Coach Aliou Cissé will take a promising Senegal side to their second World Cup next month. No doubt he has regaled them with stories of the first, where he proudly wore the captain’s armband for one of the greatest sporting moments in the country’s history.
On the opening day of the 2002 spectacle in South Korea and Japan, the Lions of Teranga beat defending champions France, shocking the world and sending their own nation into euphoric celebration.
“That was the most incredible experience ever for Senegalese,” recalls Liesl Louw-Vaudran, a foreign correspondent stationed in Dakar at the time. “Just the fact that they qualified, and then they beat France, a former colonial power. It was such a significant event.”
“There was this absolute outpouring of patriotism. I had my office in the main square, Independence Square in Dakar, and guys with motorbikes and Senegalese flags just went round and round.”

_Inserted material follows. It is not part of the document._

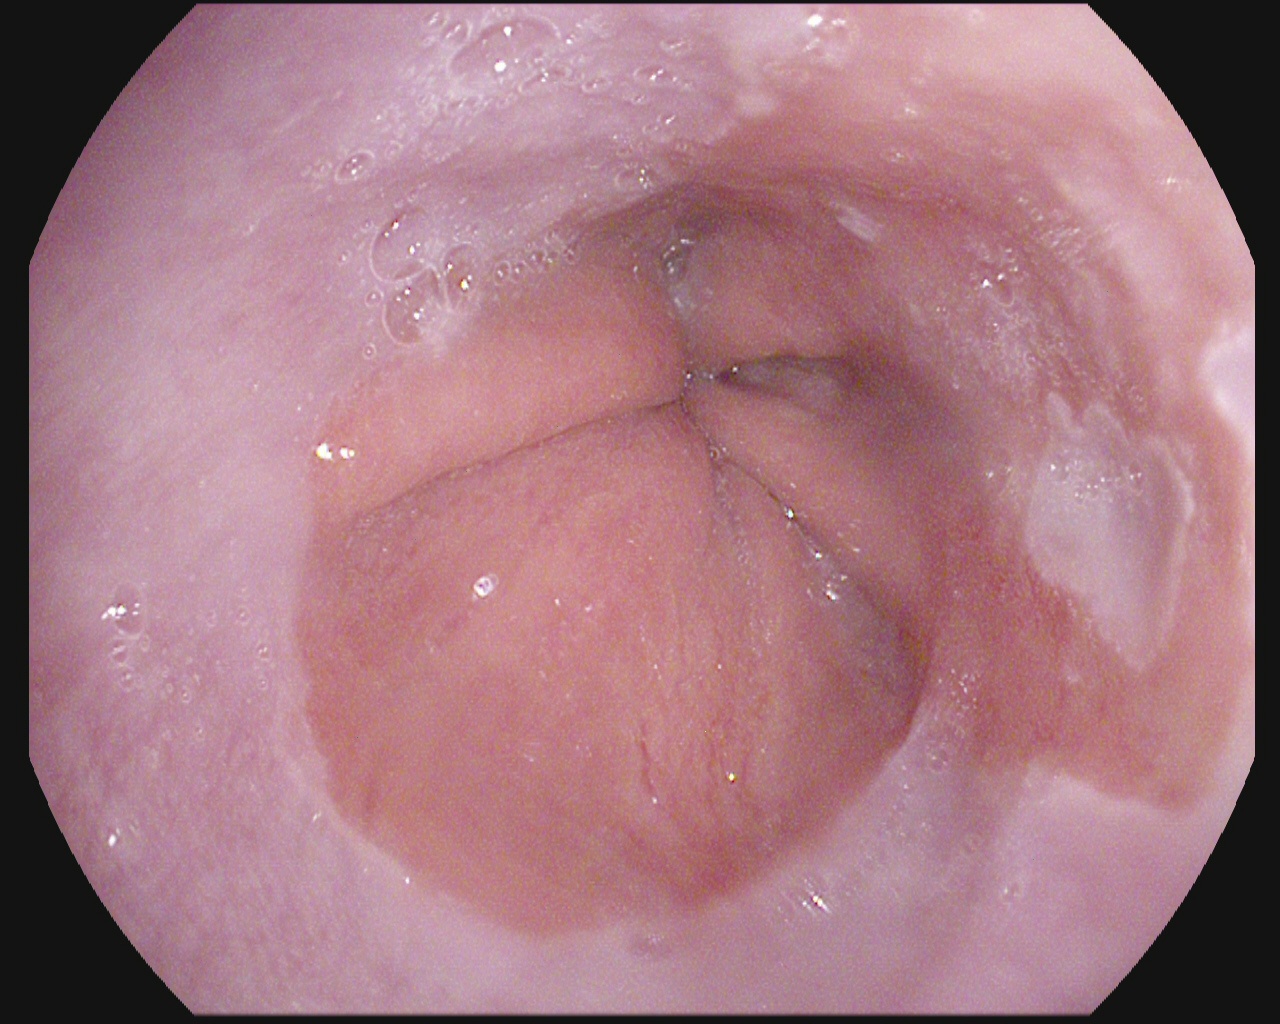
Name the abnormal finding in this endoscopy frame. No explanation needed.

Barrett's esophagus

For many, the significance extended far beyond the pitch. Louw-Vaudran remembers a poignant conversation with a photographer in the aftermath of the final whistle.
“I remember standing on the balcony and watching this and then this friend of mine said: ‘Imagine, I can now also become the chief executive of AFP.’ If Senegal can beat France, then he can also become anything in his career. There was this sense of breaking all barriers and reversing their colonial past.”
Everyone packed the streets that day. By all accounts, no one could contain their joy within four walls and the roadway parties ratcheted up. Then-president Abdoulaye Wade left the Presidential Palace on top of an SUV to join the people in celebration. At one point he shouted to the crowd that he had El Hadji Diouf on the phone.
The pandemonium was largely born of being written off by an entire footballing world. Les Bleus after all had won the World Cup on home soil in 1998. No one gave Senegal a shot, except themselves.
Journalist Beauregard Tromp, who was in the working-class neighbourhood of Ngor, remembers the anticipation ahead of the game.
“On the beach older men were teaching younger men how to carve out canoes that they would use to go fishing. Further up the beach you had more than half-dozen football games taking place,” he says.
“A large number of these kids that were playing these games were wearing the shirts of French players of African descent — people like Zinedine Zidane. I would pause every now and again to check out this idyllic scene and repeatedly, unsolicited, people would volunteer to me, ‘We are going to beat France.’ I remember just replying kind of incredulously … without denying them I would just walk on and smile.
“As I was watching the opening game, I recalled this moment. So when Papa Bouba Diop scored the winning goal and Senegal went on to shock the entire world, I for one was not surprised.”
A wry smile crossed the face of David Trezeguet when he hit the post early in the game, probably because he also did not believe it was possible for France to lose.
But it was Diop who netted and no one else. The Lions of Teranga would go on to reach the quarter-finals, at the time the only African team to do so since Cameroon in 1990.
Will Cissé go a step further on his second attempt this June? Without a doubt a nation will be expectant.